The registers AX, BX, CX, and DX behave as general purpose registers in Intel architecture and do some specific functions in addition to it. X in their names stand for extended meaning 16bit registers. For example AX means we are referring to the extended 16bit “A” register. Its upper and lower byte are separately accessible as AH (A high byte) and AL (A low byte). All general purpose registers can be accessed as one 16bit register or as two 8bit registers. The two registers AH and AL are part of the big whole AX. Any change in AH or AL is reflected in AX as well. AX is a composite or extended register formed by gluing together the two parts AH and AL.

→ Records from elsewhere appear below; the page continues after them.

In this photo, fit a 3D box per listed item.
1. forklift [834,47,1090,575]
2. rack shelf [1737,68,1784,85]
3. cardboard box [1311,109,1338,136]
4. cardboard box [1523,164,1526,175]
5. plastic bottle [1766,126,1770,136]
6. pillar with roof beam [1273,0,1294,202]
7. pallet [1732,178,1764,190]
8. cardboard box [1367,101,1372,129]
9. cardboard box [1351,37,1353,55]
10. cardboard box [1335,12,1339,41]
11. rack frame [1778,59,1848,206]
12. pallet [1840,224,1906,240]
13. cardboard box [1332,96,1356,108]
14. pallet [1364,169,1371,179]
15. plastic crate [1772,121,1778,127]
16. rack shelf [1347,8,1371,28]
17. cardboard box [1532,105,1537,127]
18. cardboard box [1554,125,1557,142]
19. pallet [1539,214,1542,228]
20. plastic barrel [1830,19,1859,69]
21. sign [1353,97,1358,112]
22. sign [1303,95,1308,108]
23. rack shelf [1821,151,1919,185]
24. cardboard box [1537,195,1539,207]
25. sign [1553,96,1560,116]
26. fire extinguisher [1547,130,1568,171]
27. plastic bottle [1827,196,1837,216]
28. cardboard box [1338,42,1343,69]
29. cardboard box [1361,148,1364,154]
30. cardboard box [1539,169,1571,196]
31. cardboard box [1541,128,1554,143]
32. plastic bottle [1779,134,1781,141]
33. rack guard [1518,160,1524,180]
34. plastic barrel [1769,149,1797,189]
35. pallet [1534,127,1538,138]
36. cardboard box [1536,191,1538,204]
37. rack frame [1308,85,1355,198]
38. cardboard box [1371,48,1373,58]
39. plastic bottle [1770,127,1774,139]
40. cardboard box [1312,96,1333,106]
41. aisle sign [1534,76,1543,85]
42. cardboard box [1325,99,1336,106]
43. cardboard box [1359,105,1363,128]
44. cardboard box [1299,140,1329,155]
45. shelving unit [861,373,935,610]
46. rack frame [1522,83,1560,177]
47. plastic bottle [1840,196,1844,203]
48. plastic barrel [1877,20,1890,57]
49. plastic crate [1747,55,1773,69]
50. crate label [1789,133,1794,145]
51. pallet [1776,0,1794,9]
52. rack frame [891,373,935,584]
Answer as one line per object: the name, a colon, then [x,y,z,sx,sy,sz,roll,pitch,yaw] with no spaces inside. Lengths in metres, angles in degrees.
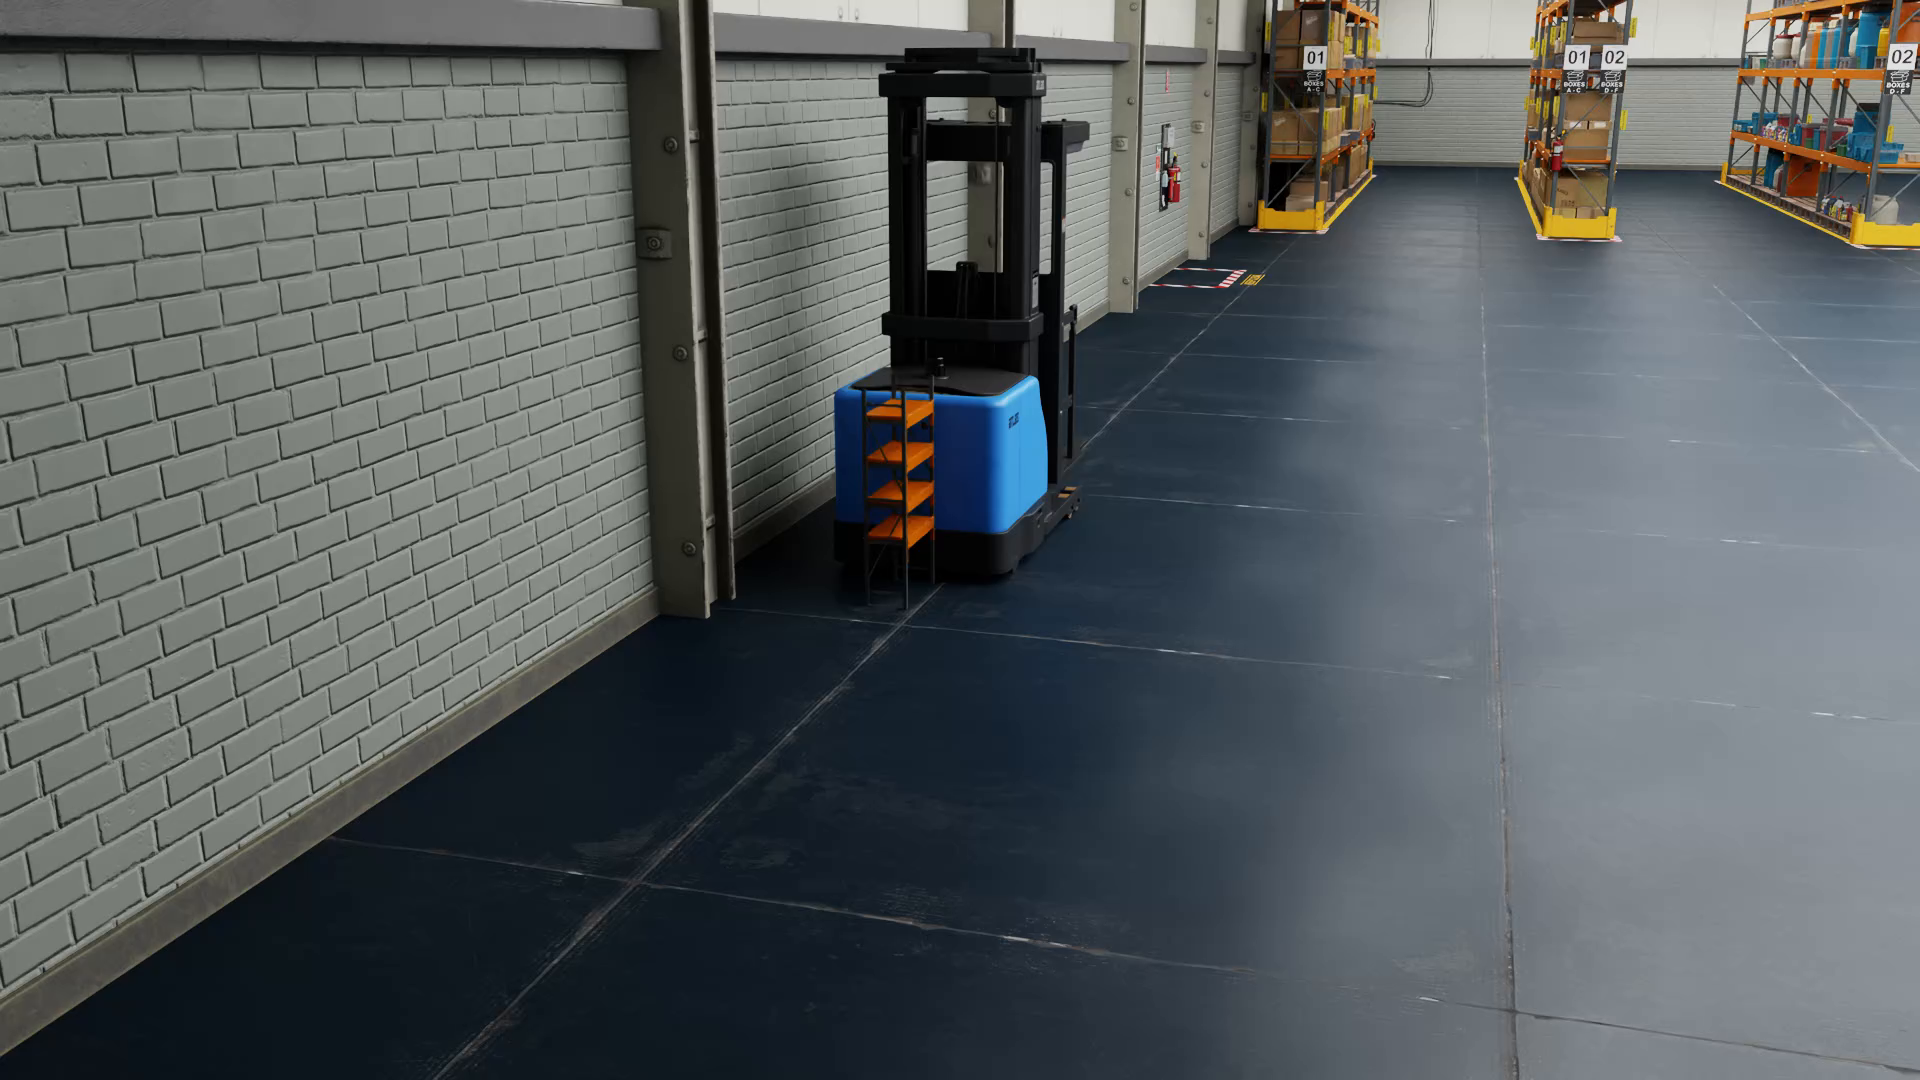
forklift: [0.177,-1.573,10.503,1.130,2.935,3.031,5,16,16]
rack shelf: [19.484,-11.108,39.817,1.077,0.370,4.000,5,16,16]
cardboard box: [7.016,-8.052,32.084,0.500,0.500,0.500,4,16,14]
cardboard box: [14.594,-9.426,42.299,0.500,0.250,0.500,5,16,16]
plastic bottle: [18.256,-9.211,37.541,0.097,0.271,0.097,0,16,0]
pillar with roof beam: [11.209,-11.489,34.344,9.100,9.000,0.400,5,16,16]
pallet: [19.432,-8.662,40.481,1.003,0.211,1.213,5,16,16]
cardboard box: [10.223,-11.122,43.493,0.980,0.700,0.700,4,16,15]
cardboard box: [8.762,-11.461,38.751,0.700,0.500,0.500,5,16,16]
cardboard box: [6.675,-9.443,30.574,0.500,0.500,0.500,5,17,17]
rack frame: [17.779,-8.441,34.594,1.000,3.000,0.127,5,16,16]
pallet: [15.718,-5.243,28.426,1.003,0.211,1.213,5,16,16]
cardboard box: [8.665,-9.878,37.518,0.500,0.250,0.500,5,17,17]
pallet: [10.402,-9.746,44.303,1.003,0.211,1.213,5,16,16]
plastic crate: [19.526,-9.845,39.649,0.437,0.282,0.530,5,16,16]
rack shelf: [8.849,-12.081,38.481,1.077,0.370,4.000,5,16,16]
cardboard box: [13.684,-9.832,38.542,0.700,0.500,0.500,7,17,25]
cardboard box: [11.774,-7.712,31.837,0.700,0.500,0.500,4,16,14]
pallet: [11.283,-5.914,30.791,1.003,0.211,1.213,5,16,16]
plastic barrel: [16.579,-9.229,30.955,0.600,0.901,0.708,5,16,16]
sign: [8.803,-9.689,37.015,0.100,0.325,0.005,5,16,16]
sign: [7.747,-9.809,37.293,0.100,0.325,0.005,5,16,16]
rack shelf: [16.074,-6.526,29.157,1.077,0.370,4.000,5,16,16]
cardboard box: [11.472,-6.561,32.235,0.500,0.250,0.500,5,16,16]
sign: [10.241,-7.450,28.543,0.100,0.325,0.005,5,16,16]
fire extinguisher: [10.279,-6.701,28.601,0.296,0.674,0.183,5,16,16]
plastic bottle: [15.961,-6.104,30.400,0.144,0.351,0.185,4,16,14]
cardboard box: [7.237,-9.512,32.651,0.500,0.500,0.500,5,17,17]
cardboard box: [10.148,-9.967,42.596,0.380,0.149,0.250,4,16,14]
cardboard box: [11.328,-6.792,31.672,0.500,0.500,0.500,5,16,16]
cardboard box: [12.591,-8.565,35.191,0.500,0.311,0.500,4,16,15]
plastic bottle: [17.739,-8.701,35.874,0.097,0.201,0.097,0,16,0]
rack guard: [15.283,-9.697,43.601,1.175,0.500,0.348,5,16,16]
plastic barrel: [18.544,-8.354,37.362,0.600,0.901,0.708,5,16,16]
pallet: [13.579,-9.243,37.772,1.003,0.211,1.213,5,16,16]
cardboard box: [11.734,-6.790,33.041,0.500,0.250,0.500,4,16,15]
rack frame: [8.281,-9.210,37.302,1.000,3.000,0.127,5,16,16]
cardboard box: [10.164,-12.305,42.038,0.500,0.250,0.500,4,16,14]
plastic bottle: [18.090,-9.034,36.909,0.152,0.276,0.135,5,16,16]
cardboard box: [8.161,-9.910,37.632,0.500,0.250,0.500,5,17,17]
aisle sign: [15.042,-12.211,43.119,0.394,0.787,0.004,5,16,16]
cardboard box: [8.134,-9.604,36.513,0.380,0.149,0.250,2,16,7]
cardboard box: [9.392,-10.182,39.967,0.500,0.500,0.500,5,17,16]
cardboard box: [6.450,-7.157,30.304,0.500,0.250,0.500,4,16,14]
shelving unit: [-0.331,-0.274,9.094,0.258,1.200,0.503,5,17,16]
rack frame: [15.304,-10.920,43.330,1.000,3.000,0.127,5,16,16]
plastic bottle: [16.153,-6.142,30.535,0.144,0.351,0.185,5,16,16]
plastic barrel: [15.708,-8.392,27.808,0.600,0.588,0.600,0,16,0]
plastic crate: [19.355,-11.569,40.238,0.504,0.338,0.767,5,16,16]
crate label: [17.300,-8.280,34.330,0.303,0.233,0.416,5,16,16]
pallet: [18.710,-11.872,36.773,1.003,0.211,1.213,5,16,16]
rack frame: [-0.262,-0.338,9.319,0.240,1.200,0.015,5,17,16]

The A of AX stands for Accumulator. Even though all general purpose registers can act as accumulator in most instructions there are some specific variations which can only work on AX which is why it is named the accumulator. The B of BX stands for Base because of its role in memory addressing as discussed in the next chapter. The C of CX stands for Counter as there are certain instructions that work with an automatic count in the CX register. The D of DX stands for Destination as it acts as the destination in I/O operations. The A, B, C, and D are in letter sequence as well as depict some special functionality of the register.

Index Registers (SI and DI)

SI and DI stand for source index and destination index respectively. These are the index registers of the Intel architecture which hold address of data and used in memory access. Being an open and flexible architecture, Intel allows many mathematical and logical operations on these registers as well like the general registers. The source and destination are named because of their implied functionality as the source or the destination in a special class of instructions called the string instructions. However their use is not at all restricted to string instructions. SI and DI are 16bit and cannot be used as 8bit register pairs like AX, BX, CX, and DX.

Instruction Pointer (IP)

This is the special register containing the address of the next instruction to be executed. No mathematics or memory access can be done through this register. It is out of our direct control and is automatically used. Playing with it is dangerous and needs special care. Program control instructions change the IP register implicitly.

Stack Pointer (SP)

It is a memory pointer and is used indirectly by a set of instructions. This register will be explored in the discussion of the system stack.

Base Pointer (BP)

It is also a memory pointer containing the address in a special area of memory called the stack and will be explored alongside SP in the discussion of the stack.

Flags Register

The flags register as previously discussed is not meaningful as a unit rather it is bit wise significant and accordingly each bit is named separately. The bits not named are unused. The Intel FLAGS register has its bits organized as follows:


Segment Registers (CS, DS, SS, and ES)

The code segment register, data segment register, stack segment register, and the extra segment register are special registers related to the Intel segmented memory model and will be discussed later.